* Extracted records
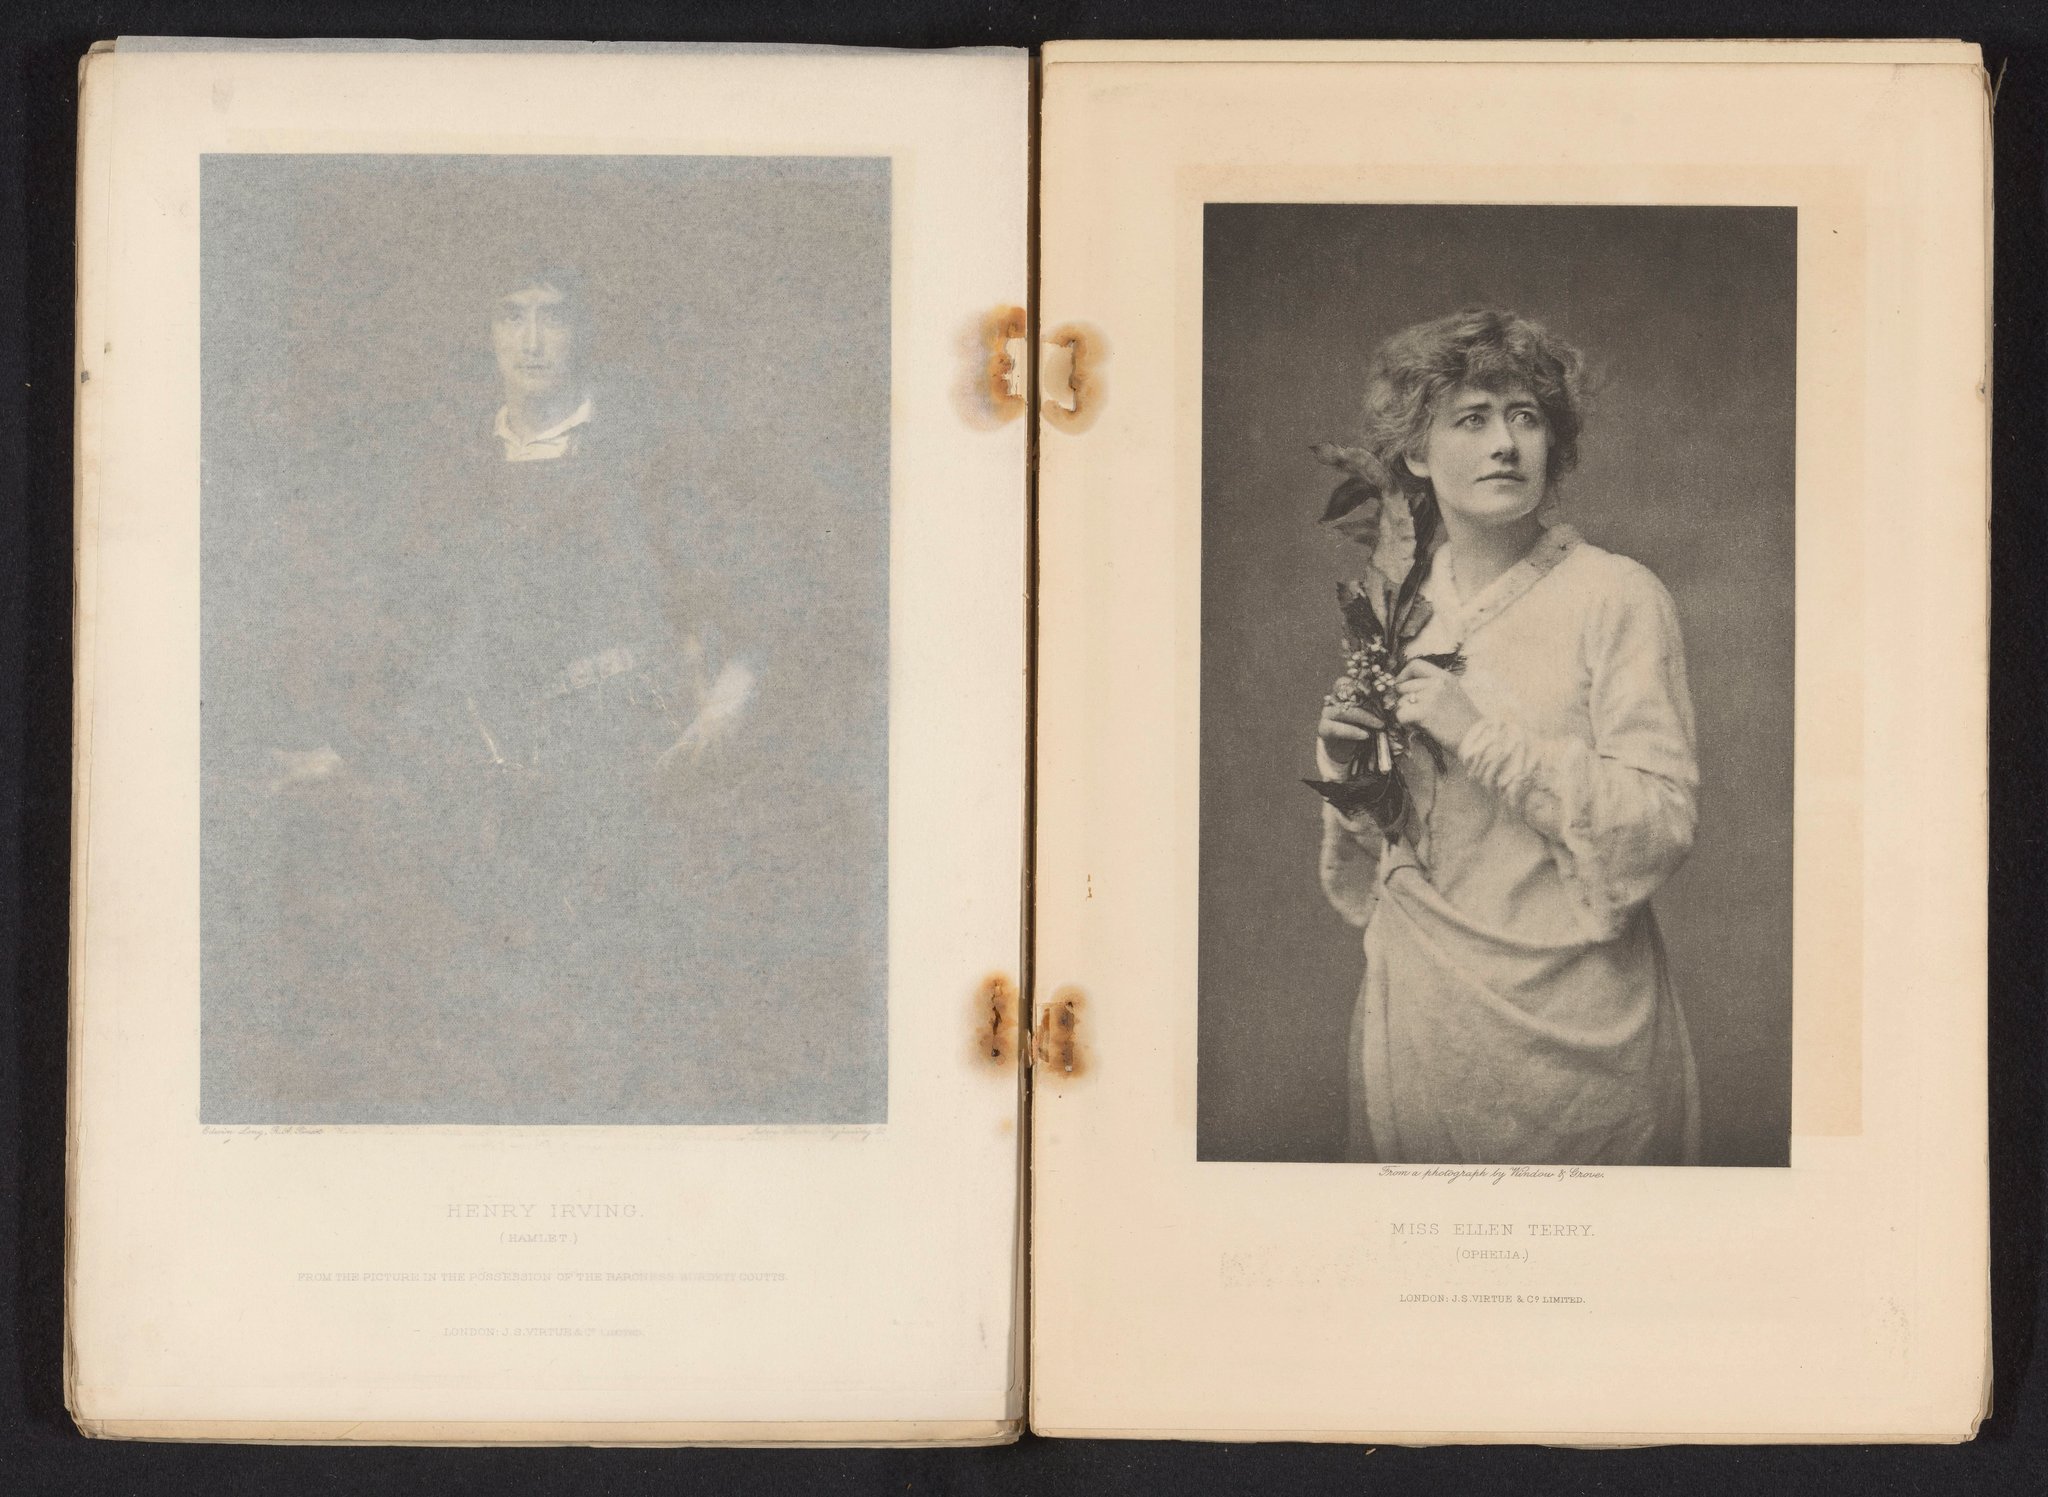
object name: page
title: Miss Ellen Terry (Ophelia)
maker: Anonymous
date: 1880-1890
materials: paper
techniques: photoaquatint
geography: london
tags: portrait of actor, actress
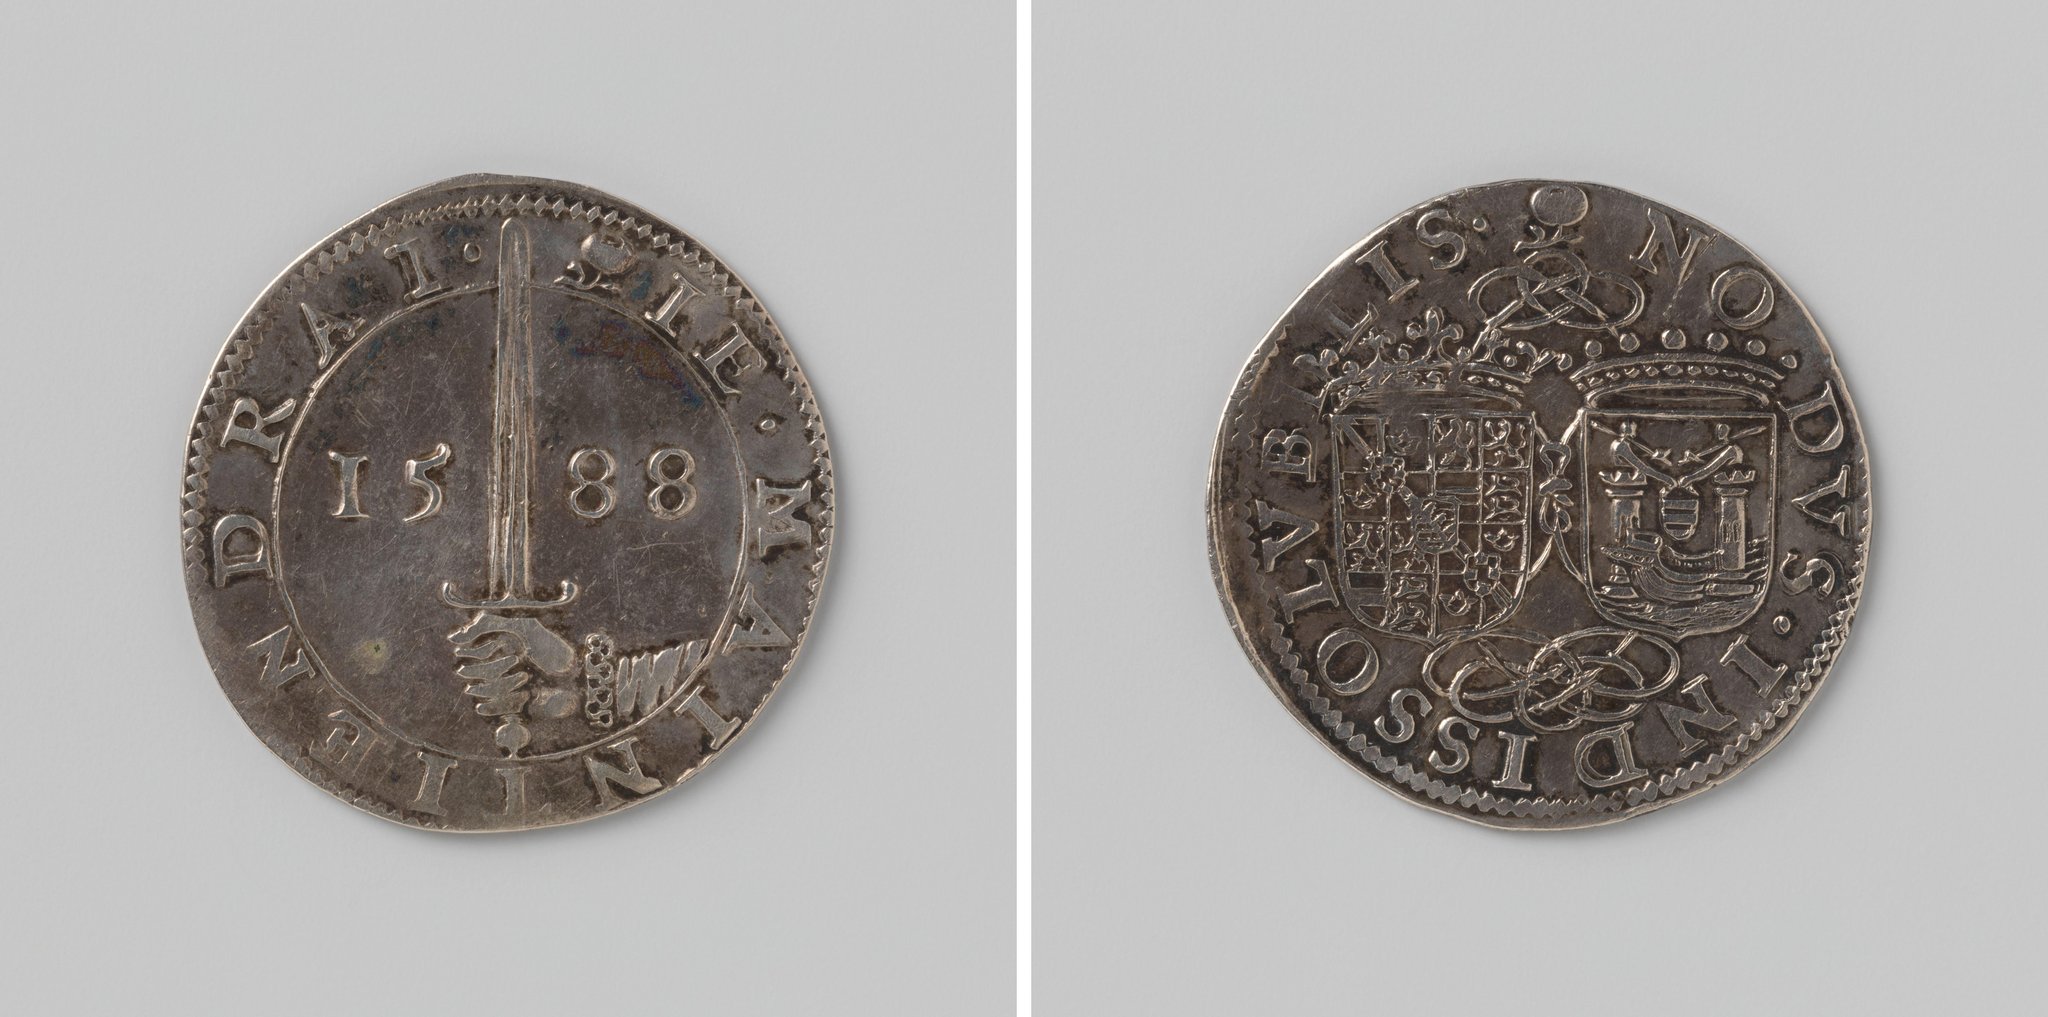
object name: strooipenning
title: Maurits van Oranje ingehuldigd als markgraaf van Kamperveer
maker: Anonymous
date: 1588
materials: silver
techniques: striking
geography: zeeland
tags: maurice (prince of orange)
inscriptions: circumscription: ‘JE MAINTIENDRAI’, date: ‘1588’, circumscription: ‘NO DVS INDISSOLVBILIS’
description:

* TASK ITEM
Retype the data exactly; images stay out.

* TASK OUTPUT
object name: page
title: Miss Ellen Terry (Ophelia)
maker: Anonymous
date: 1880-1890
materials: paper
techniques: photoaquatint
geography: london
tags: portrait of actor, actress
object name: strooipenning
title: Maurits van Oranje ingehuldigd als markgraaf van Kamperveer
maker: Anonymous
date: 1588
materials: silver
techniques: striking
geography: zeeland
tags: maurice (prince of orange)
inscriptions: circumscription: ‘JE MAINTIENDRAI’, date: ‘1588’, circumscription: ‘NO DVS INDISSOLVBILIS’
description:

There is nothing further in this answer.